The tombstone of a Polish woman who saved a Jewish woman by hiding her in the roof of her barn for two years during the Holocaust was rededicated with a Talmudic inscription.

Maria Jalowiec, who died in 1979, hid her neighbor Regina (Rivka) Wallach, who had managed to jump off a wagon after being rounded up by the Nazis, from 1942 to 1944.

Rivka’s son, Irving Wallach, who lives in Sydney, and her daughter, Sabina, of California, were present at the ceremony Sunday in Brzostek, Poland. They sponsored the renovation of the tomb after discovering it by chance last year.

Other family members traveled from Israel, Germany, Poland and the Netherlands to witness the event, which also marked the 70th anniversary of the roundup by the Nazis of the Jews of Brzostek.
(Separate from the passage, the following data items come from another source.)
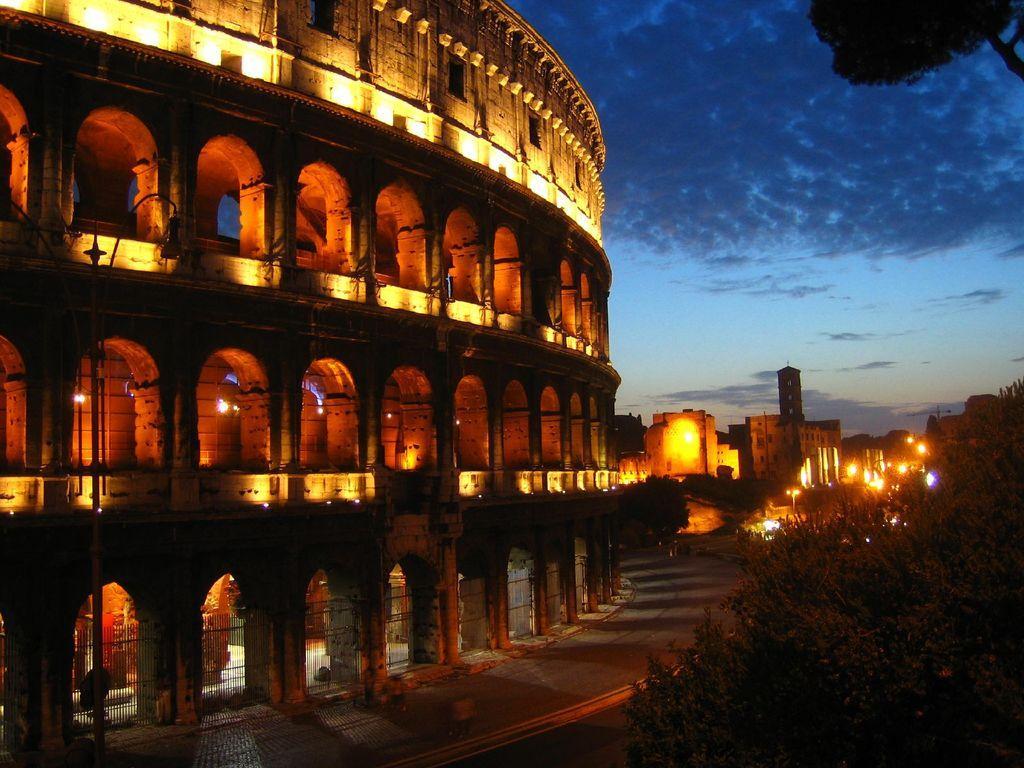Could you give a brief overview of what you see in this image? In the picture I can see buildings, trees, street lights, fence and some other objects. In the background I can see the sky. 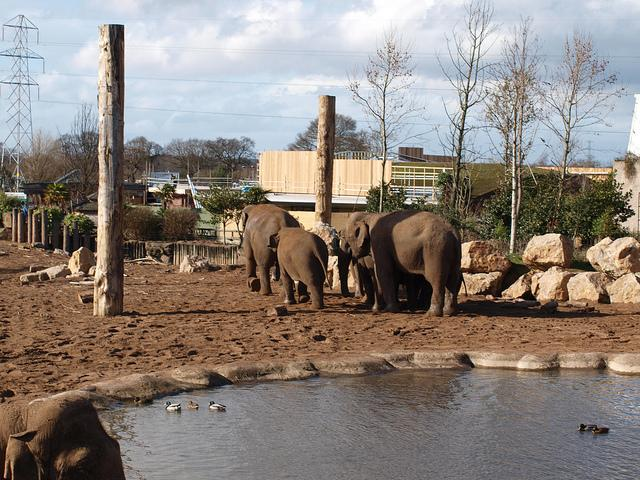What body of water is this? pond 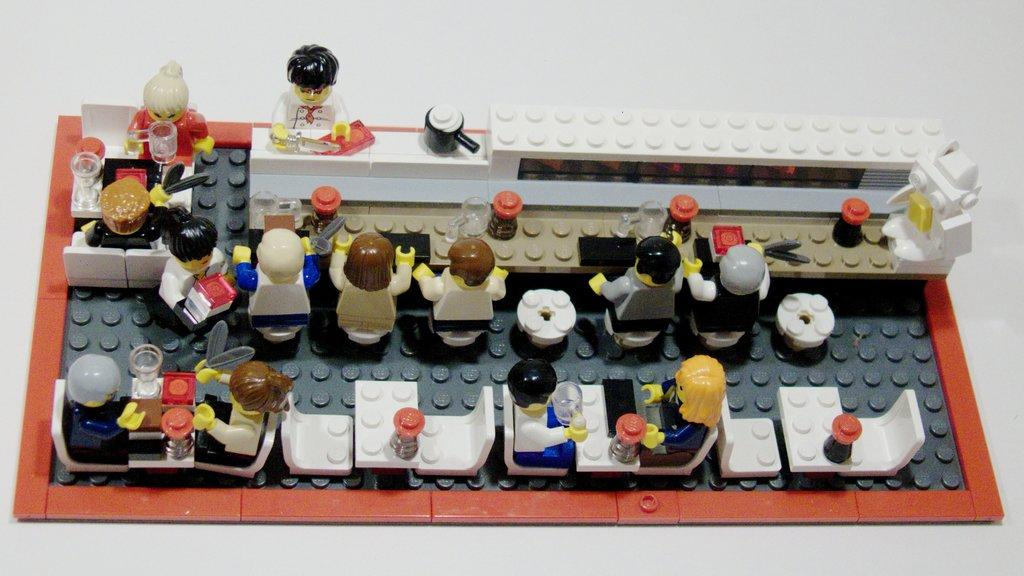What is the main subject of the image? There is a group of dolls in the image. Where are the dolls placed? The dolls are placed on a surface. What other toys can be seen in the background of the image? There are Lego toys in the background of the image. What types of containers are present in the background of the image? There are jars and mugs in the background of the image. What type of soda is being poured into the mugs in the image? There is no soda present in the image; it only features dolls, Lego toys, jars, and mugs. How does the feeling of the dolls change throughout the day in the image? The image does not depict any emotions or feelings of the dolls, as they are inanimate objects. 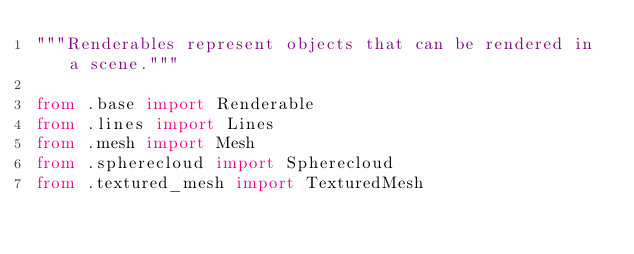<code> <loc_0><loc_0><loc_500><loc_500><_Python_>"""Renderables represent objects that can be rendered in a scene."""

from .base import Renderable
from .lines import Lines
from .mesh import Mesh
from .spherecloud import Spherecloud
from .textured_mesh import TexturedMesh
</code> 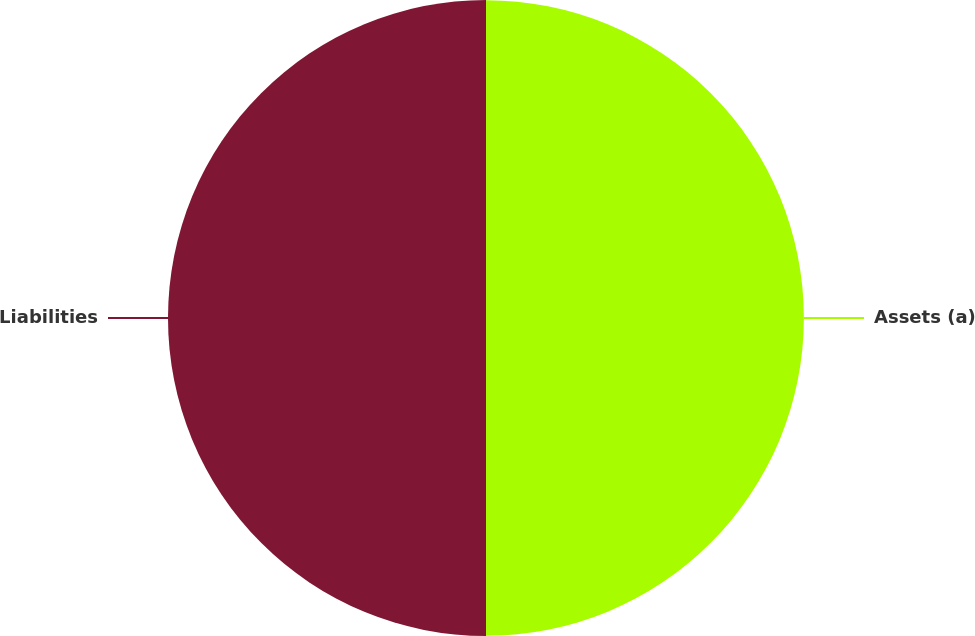<chart> <loc_0><loc_0><loc_500><loc_500><pie_chart><fcel>Assets (a)<fcel>Liabilities<nl><fcel>49.99%<fcel>50.01%<nl></chart>

Most were shot in a mass grave.

A new memorial to the Jews of Brzostek and nearby villages who were shot by the Nazis also opened in the presence of the chief rabbi of Poland and Australia’s ambassador to Poland.

Irving Wallach said of the event, “It marks the righteousness and courage in saving life, that of a Jewish neighbor. Maria Jalowiec’s courage and her decision to save my mother’s life came at the risk of possibly sacrificing her family’s and her own life. Such people deserve to have their names and deeds shouted from the rooftops.”

Wallach and his sister included on Jalowiec’s tombstone the Talmudic dictum “Whoever saves one life, it as if he saved the whole world.”

He said he hoped to have Jalowiec included as a Righteous Among the Nations by Yad Vashem.